Pain is common among people with PPS and often the symptom that drives them to seek medical help. It has been shown that 50% to 90% of those with PPS experience pain. Pain is common in the shoulders, lower back, legs, and hips and is usually most pronounced in the legs. It is associated with depression and fatigue [13] and can also affect sleep. Not everyone experiences pain, however, and many suffer from mild or no pain. In general, though, increasing pain is related to a lower perceived life satisfaction [14]. Pain can emanate from a joint, a muscle, ligaments, tendons or tendon sheaths, muscle and tendon insertions, and bursae close to a joint. The reason for this is usually the weakness that occurs as a result of muscle atrophy in PPS, which leads to muscle imbalance, stress, and overload and incorrect posture. Pain in PPS can be aching, burning, or cramping in the muscles. Joint pain commonly occurs as a result of the gradual development of osteoarthritis. Osteoarthritis after polio can affect joints in parts of the body with muscle weakness resulting from polio but also affects parts of the body not affected by polio because of compensatory overload. Osteoarthritis usually occurs in hip, knee, and foot joints. Typical symptoms are pain under strain, but pain at rest is also common.

Respiratory Problems

During the initial polio infection, breathing could be affected as a result of paralyzed respiratory muscles. This was treated with a ventilator for a longer or shorter time, and some have used a ventilator ever since their polio infection, whereas most improved and managed without it. These people may later in life experience new weakness in their respiratory muscles that can lead to an inability to maintain normal carbon dioxide levels in the blood because of reduced breathing volumes. This so-called underventilation is exacerbated by obesity and worsened by other restrictive lung diseases. However, respiratory problems usually occur in less than 10% of those with PPS. People with PPS-related underventilation can complain of morning headache, daytime tiredness, problems with concentration, restless sleep, waking up several times, nightmares, difficulty getting up in the morning, and increased breathlessness during and after exertion.

Swallowing

Swallowing problems occur only in those who had “bulbar” poliomyelitis that affected the swallowing muscles during the initial infection. Usual complaints are feelings of choking, gagging or coughing, and irritation in the throat or a feeling of a lump in the throat. Some people will also complain of voice problems, especially dysphonia [15].

Cold Intolerance

Cold intolerance is a feeling of coldness in the arms and legs and a general inability to thermoregulate. Cold intolerance may be caused by damage to the part of the brain that regulates body temperature, effects on nerves to arms and legs, or reduced muscle mass. It may also be exacerbated by other medical conditions, such as peripheral vascular disease.

Physical Examination

The findings during a clinical, musculoskeletal, and neurologic examination should support the diagnosis of a lower motor neuron disease process. This includes absent or diminished reflexes, decreased muscle tone, and atrophy (symmetric or asymmetric) and weakness of the muscles in the limbs or trunk. Sensory deficits are not part of PPS, but median and ulnar nerve entrapments are common in polio survivors; therefore, it is important to search for symptoms and signs of sensory disturbances in the hands.

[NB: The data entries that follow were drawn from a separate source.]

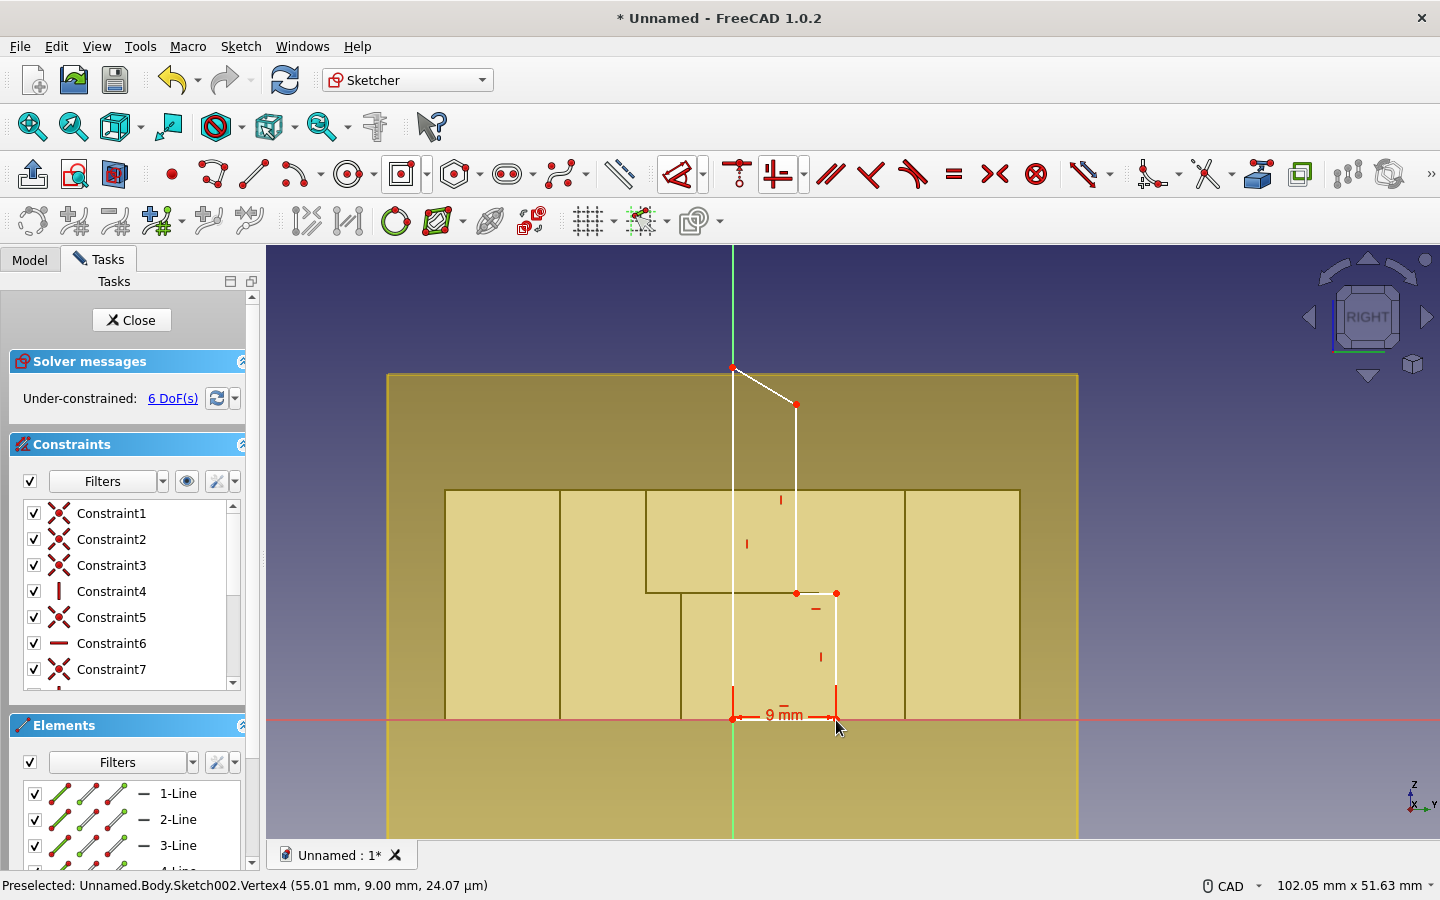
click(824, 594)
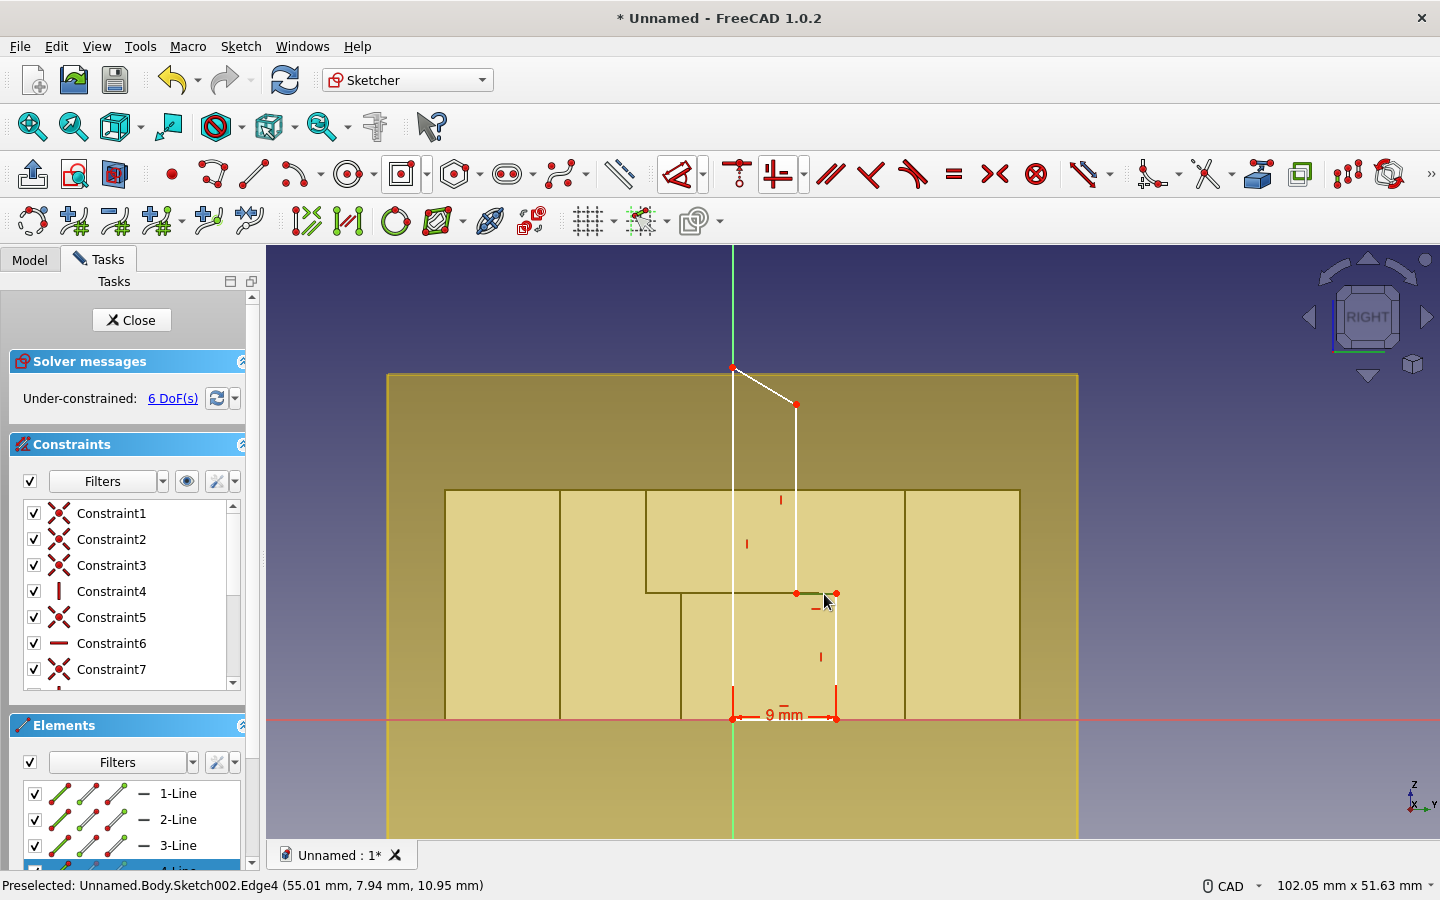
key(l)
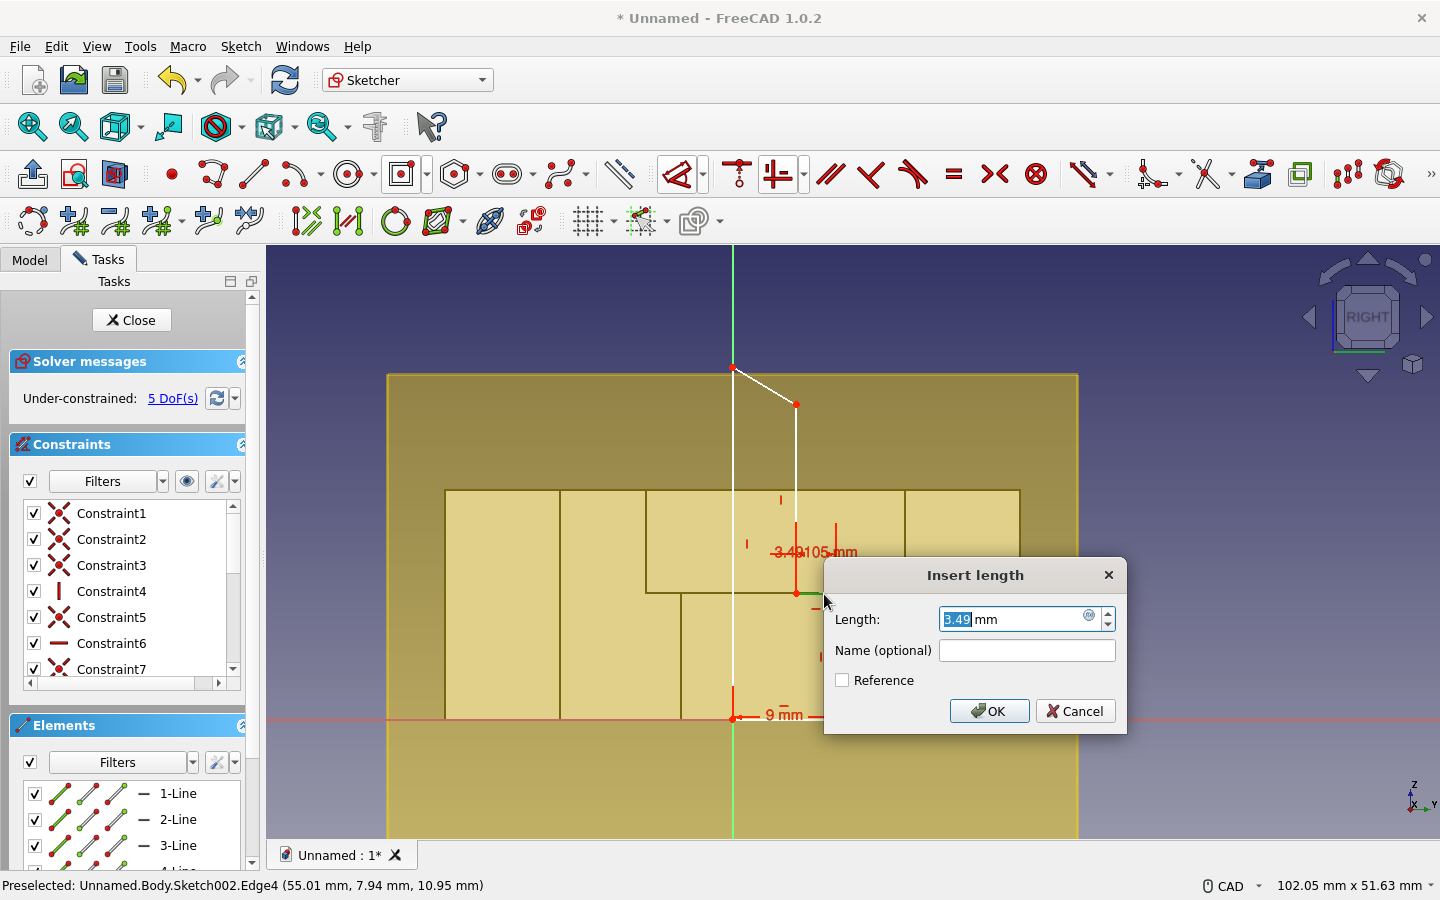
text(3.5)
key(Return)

Biomechanical symptoms and signs may also occur from musculoskeletal abnormalities in the lower extremities. This, in turn, is a result of contractures due to muscle weakness (hip and ankle), weakness of the quadriceps causing genu recurvatum at the knee, and reduced joint range of motion without apparent contributing weakness (common in the cervical spine and shoulders). Leg length discrepancies are common and may lead to scoliosis and kyphosis and pain from the spinal column.

Manual muscle testing is a quick and useful assessment of function. However, the occurrence and distribution of muscle weakness, as a hallmark of PPS, can be anything from obvious to subtle. It is therefore not always possible to rule out PPS solely by a clinical examination of muscle strength.

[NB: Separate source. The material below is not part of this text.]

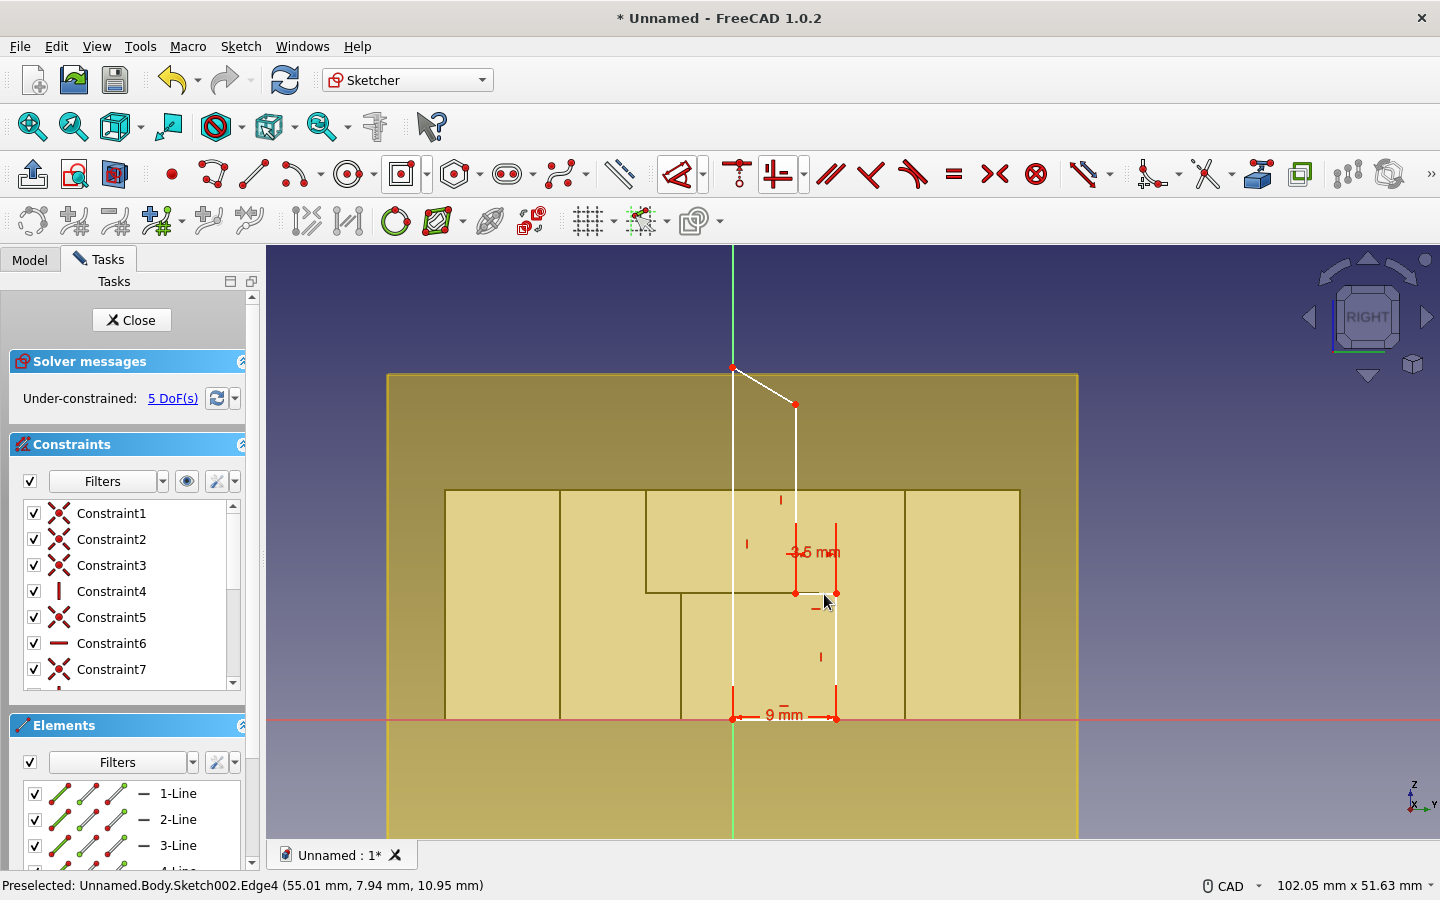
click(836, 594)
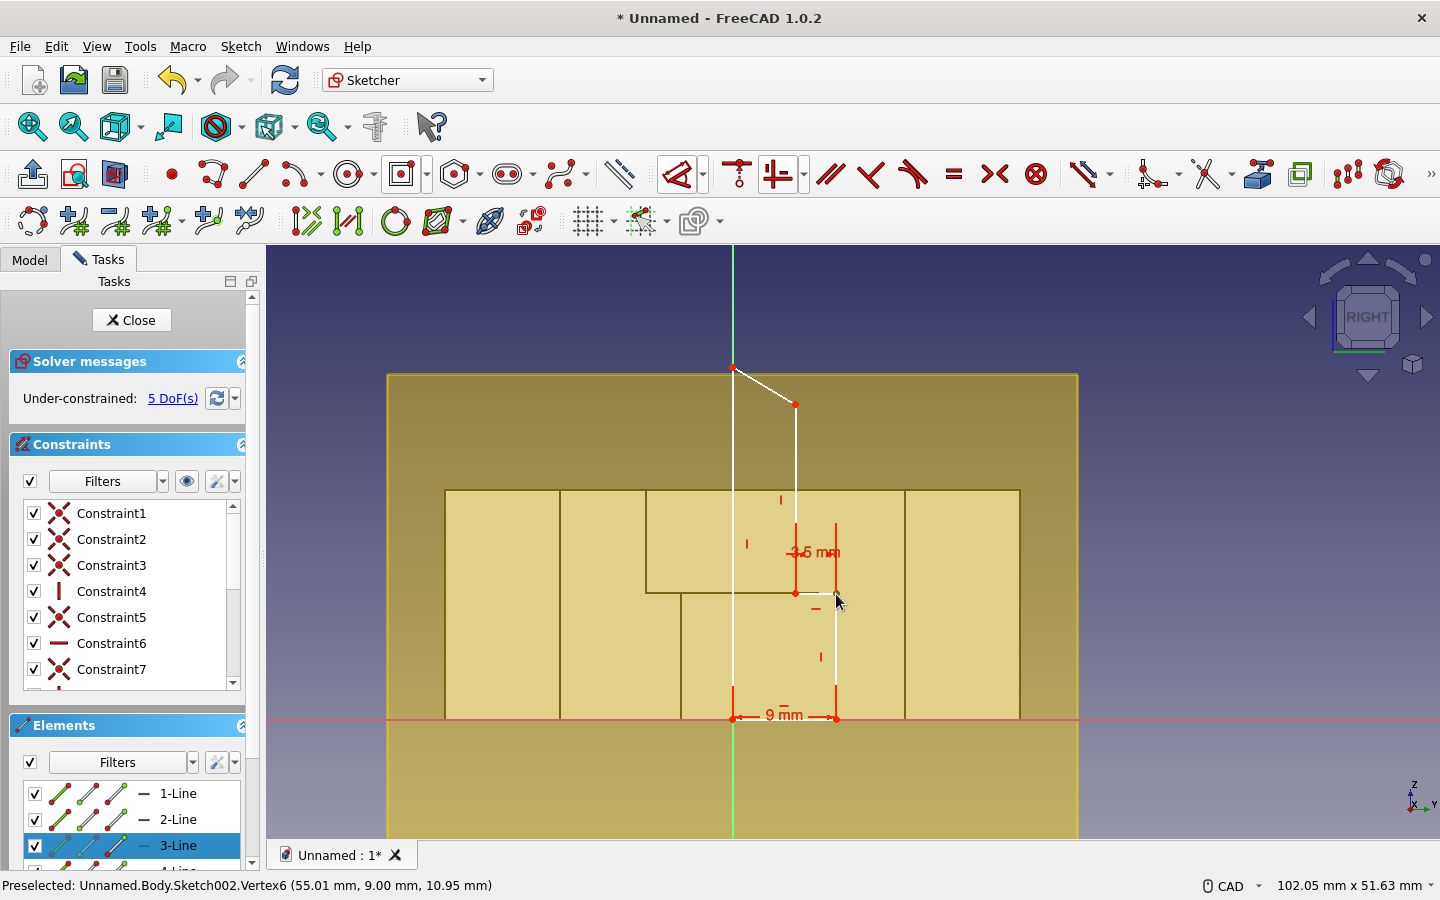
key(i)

Visual assessment of gait and gait disturbances is a starting point for more mechanistic evaluations. Also, specific areas of the body that are reported as painful should be examined. Seating posture, turning, rising from a chair, and stair climbing are specific movements that can be affected, leading to pain, and may require interventions and corrections.

Fatigue is a common symptom and may be associated with other disorders. Therefore it is important to detect possible signs and symptoms of, for example, depression and sleep disorders. Respiratory problems should also be ruled out by a general physical examination complemented by a basic spirometer examination. Assessment of peripheral pulses and edema is also important.

Functional Limitations

Symptoms occurring as part of PPS can affect a person’s ability to perform daily tasks, such as dressing, feeding, and grooming, as well as domestic life activities, such as managing one’s household, cooking, cleaning, shopping, and participating in leisure activities. This is partly due to a reduced walking ability, including stair climbing, walking shorter and longer distances, and getting in and out of a car. It is also known that these limitations in activities of daily living can affect people with PPS, who may face a variety of challenges related to their participation, which in turn may have an impact on their autonomy and, ultimately, their life satisfaction. Areas that can be affected are family life, social roles, autonomy indoors and outdoors, work, and education [16].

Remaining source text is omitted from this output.